Stored data
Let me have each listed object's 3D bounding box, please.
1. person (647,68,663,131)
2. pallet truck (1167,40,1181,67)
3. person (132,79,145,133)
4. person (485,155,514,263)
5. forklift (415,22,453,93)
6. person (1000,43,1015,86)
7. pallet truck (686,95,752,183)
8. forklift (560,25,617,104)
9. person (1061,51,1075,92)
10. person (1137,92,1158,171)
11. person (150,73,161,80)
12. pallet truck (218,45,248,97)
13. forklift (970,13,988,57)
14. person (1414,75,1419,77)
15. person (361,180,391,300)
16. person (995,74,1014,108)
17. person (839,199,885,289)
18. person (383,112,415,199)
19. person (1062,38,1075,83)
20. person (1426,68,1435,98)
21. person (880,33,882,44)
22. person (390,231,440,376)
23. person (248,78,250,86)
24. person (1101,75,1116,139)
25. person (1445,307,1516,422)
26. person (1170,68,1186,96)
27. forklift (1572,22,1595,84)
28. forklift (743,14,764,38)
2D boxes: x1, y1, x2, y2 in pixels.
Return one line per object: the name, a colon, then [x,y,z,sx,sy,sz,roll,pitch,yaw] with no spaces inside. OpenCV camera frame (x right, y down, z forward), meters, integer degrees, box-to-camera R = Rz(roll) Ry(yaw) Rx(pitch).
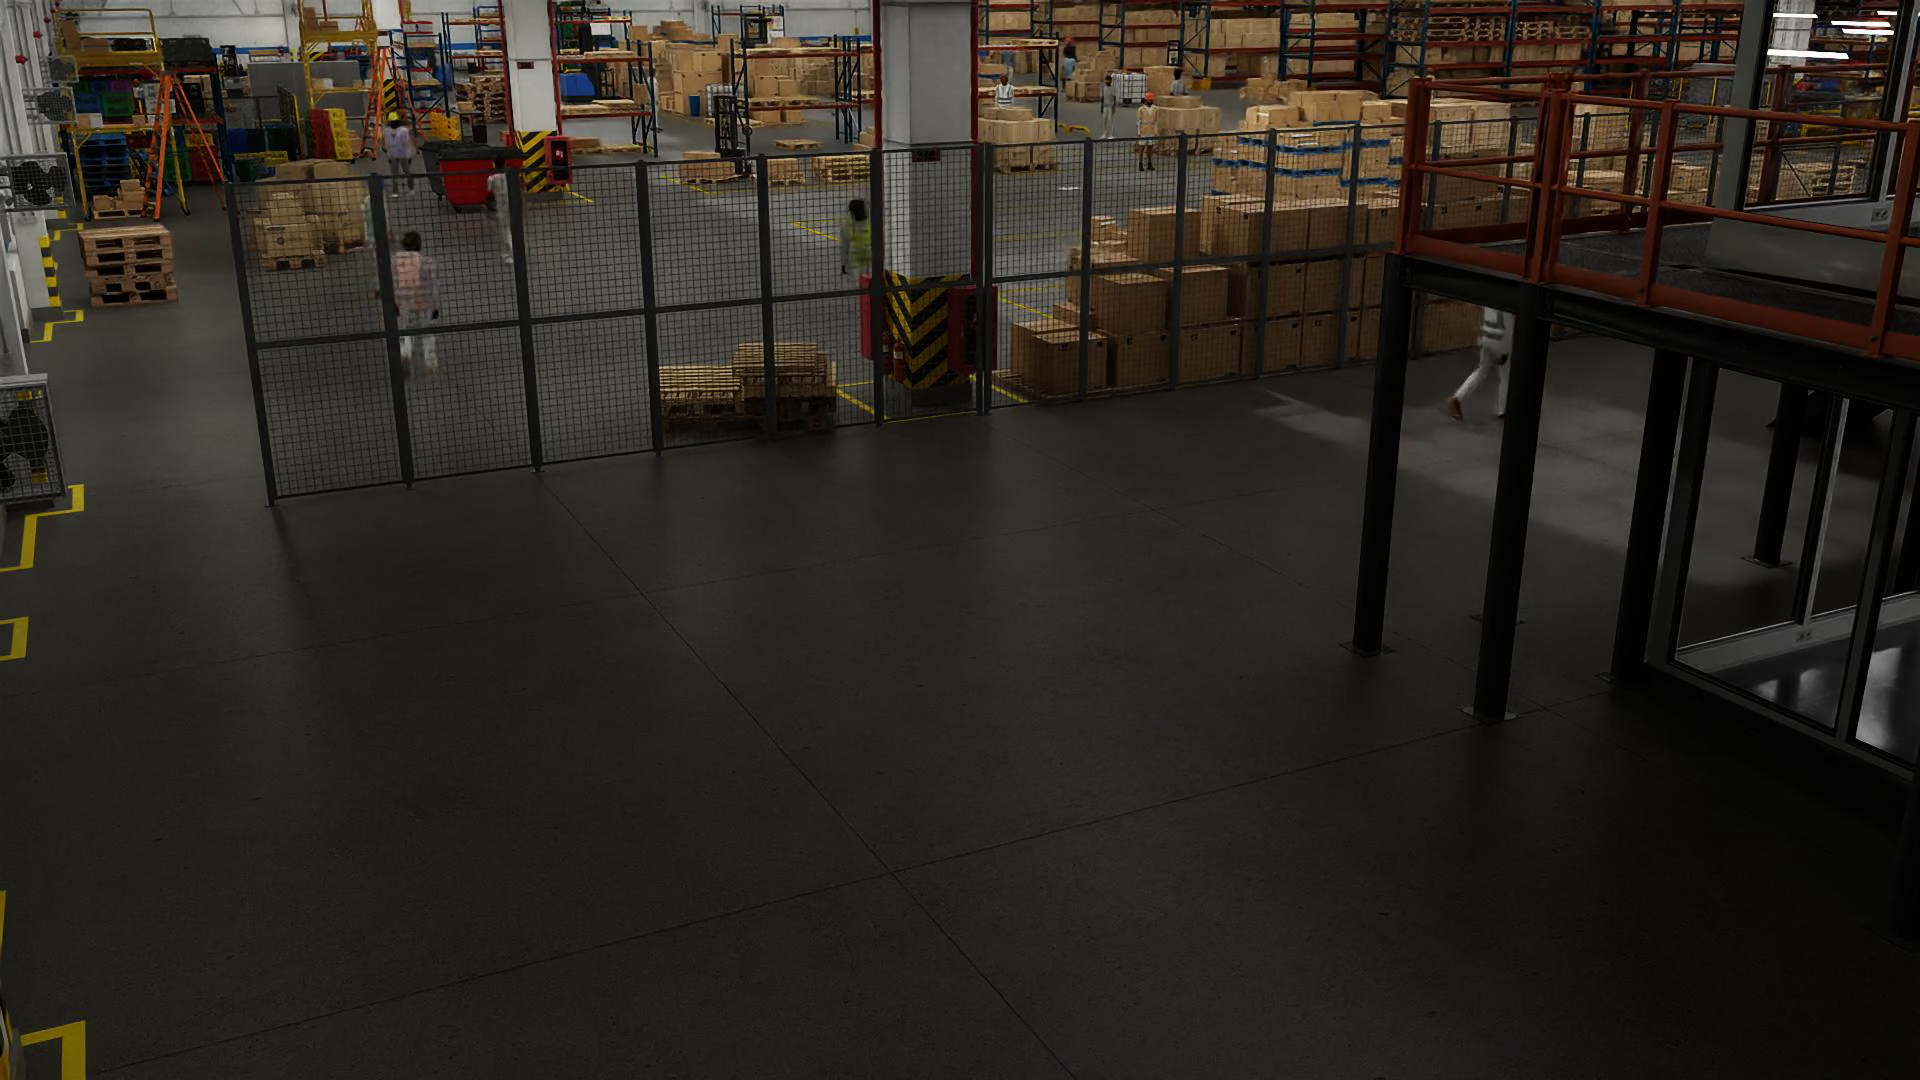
person: [-9.590,-13.806,52.114,0.372,1.940,0.629,-10,22,-28]
pallet truck: [9.045,-19.971,69.895,0.823,1.965,1.885,-3,19,-8]
person: [-25.375,-13.404,51.414,0.526,1.631,0.319,5,20,14]
person: [-8.013,-5.764,28.946,0.545,1.838,0.819,-17,25,-40]
forklift: [-21.545,-19.432,67.000,1.129,2.768,1.873,7,20,20]
person: [1.987,-19.575,68.835,0.627,1.941,0.370,3,19,10]
pallet truck: [-5.836,-9.608,39.856,0.823,1.965,1.885,10,22,27]
forklift: [-14.056,-17.891,62.534,1.873,2.768,1.129,-9,21,-25]
person: [4.432,-19.132,67.951,0.560,1.675,0.378,6,20,17]
person: [4.731,-10.283,41.903,0.562,1.934,0.377,-8,20,-21]
person: [-25.778,-14.332,53.691,0.592,1.898,0.881,-18,26,-41]
pallet truck: [-28.879,-18.665,66.111,0.823,1.965,1.885,-3,19,-9]
forklift: [0.510,-23.960,80.124,1.129,2.768,1.873,-9,21,-25]
person: [14.015,-13.391,51.186,0.524,1.759,0.337,-17,25,-40]
person: [-8.982,-4.697,25.779,0.436,1.898,0.778,2,19,5]
person: [1.324,-12.962,49.748,0.583,1.882,0.337,7,20,19]
person: [-1.398,-4.011,23.949,0.652,1.793,0.676,3,19,9]
person: [-12.539,-8.626,37.200,0.608,1.879,1.000,1,19,3]
person: [4.788,-21.071,73.196,0.637,1.917,1.062,-6,20,-16]
person: [16.091,-15.374,57.109,0.520,1.639,0.312,-16,25,-39]
person: [-3.773,-23.951,81.537,0.542,1.928,0.375,7,20,19]
person: [-6.802,-2.933,20.760,0.630,1.828,0.666,0,19,1]
person: [-23.784,-15.139,56.340,0.537,1.683,0.460,-6,20,-17]
person: [4.437,-12.941,49.732,0.506,1.861,0.337,14,24,35]
person: [5.946,-2.208,18.622,0.859,1.856,0.585,-7,20,-20]
person: [6.827,-13.722,51.906,0.614,1.931,0.851,-17,25,-40]
forklift: [24.919,-19.251,66.476,1.873,2.768,1.129,-9,21,-25]
forklift: [-9.687,-23.327,78.290,1.129,2.768,1.873,-9,21,-25]

[Work to be completed] All of the entries above are to be restated word for word, minus the images.

[Answer to the problem]
Let me have each listed object's 3D bounding box, please.
1. person (647,68,663,131)
2. pallet truck (1167,40,1181,67)
3. person (132,79,145,133)
4. person (485,155,514,263)
5. forklift (415,22,453,93)
6. person (1000,43,1015,86)
7. pallet truck (686,95,752,183)
8. forklift (560,25,617,104)
9. person (1061,51,1075,92)
10. person (1137,92,1158,171)
11. person (150,73,161,80)
12. pallet truck (218,45,248,97)
13. forklift (970,13,988,57)
14. person (1414,75,1419,77)
15. person (361,180,391,300)
16. person (995,74,1014,108)
17. person (839,199,885,289)
18. person (383,112,415,199)
19. person (1062,38,1075,83)
20. person (1426,68,1435,98)
21. person (880,33,882,44)
22. person (390,231,440,376)
23. person (248,78,250,86)
24. person (1101,75,1116,139)
25. person (1445,307,1516,422)
26. person (1170,68,1186,96)
27. forklift (1572,22,1595,84)
28. forklift (743,14,764,38)
2D boxes: x1, y1, x2, y2 in pixels.
Return one line per object: the name, a colon, then [x,y,z,sx,sy,sz,roll,pitch,yaw] with no spaces inside. OpenCV camera frame (x right, y down, z forward), meters, integer degrees, box-to-camera R = Rz(roll) Ry(yaw) Rx(pitch).
person: [-9.590,-13.806,52.114,0.372,1.940,0.629,-10,22,-28]
pallet truck: [9.045,-19.971,69.895,0.823,1.965,1.885,-3,19,-8]
person: [-25.375,-13.404,51.414,0.526,1.631,0.319,5,20,14]
person: [-8.013,-5.764,28.946,0.545,1.838,0.819,-17,25,-40]
forklift: [-21.545,-19.432,67.000,1.129,2.768,1.873,7,20,20]
person: [1.987,-19.575,68.835,0.627,1.941,0.370,3,19,10]
pallet truck: [-5.836,-9.608,39.856,0.823,1.965,1.885,10,22,27]
forklift: [-14.056,-17.891,62.534,1.873,2.768,1.129,-9,21,-25]
person: [4.432,-19.132,67.951,0.560,1.675,0.378,6,20,17]
person: [4.731,-10.283,41.903,0.562,1.934,0.377,-8,20,-21]
person: [-25.778,-14.332,53.691,0.592,1.898,0.881,-18,26,-41]
pallet truck: [-28.879,-18.665,66.111,0.823,1.965,1.885,-3,19,-9]
forklift: [0.510,-23.960,80.124,1.129,2.768,1.873,-9,21,-25]
person: [14.015,-13.391,51.186,0.524,1.759,0.337,-17,25,-40]
person: [-8.982,-4.697,25.779,0.436,1.898,0.778,2,19,5]
person: [1.324,-12.962,49.748,0.583,1.882,0.337,7,20,19]
person: [-1.398,-4.011,23.949,0.652,1.793,0.676,3,19,9]
person: [-12.539,-8.626,37.200,0.608,1.879,1.000,1,19,3]
person: [4.788,-21.071,73.196,0.637,1.917,1.062,-6,20,-16]
person: [16.091,-15.374,57.109,0.520,1.639,0.312,-16,25,-39]
person: [-3.773,-23.951,81.537,0.542,1.928,0.375,7,20,19]
person: [-6.802,-2.933,20.760,0.630,1.828,0.666,0,19,1]
person: [-23.784,-15.139,56.340,0.537,1.683,0.460,-6,20,-17]
person: [4.437,-12.941,49.732,0.506,1.861,0.337,14,24,35]
person: [5.946,-2.208,18.622,0.859,1.856,0.585,-7,20,-20]
person: [6.827,-13.722,51.906,0.614,1.931,0.851,-17,25,-40]
forklift: [24.919,-19.251,66.476,1.873,2.768,1.129,-9,21,-25]
forklift: [-9.687,-23.327,78.290,1.129,2.768,1.873,-9,21,-25]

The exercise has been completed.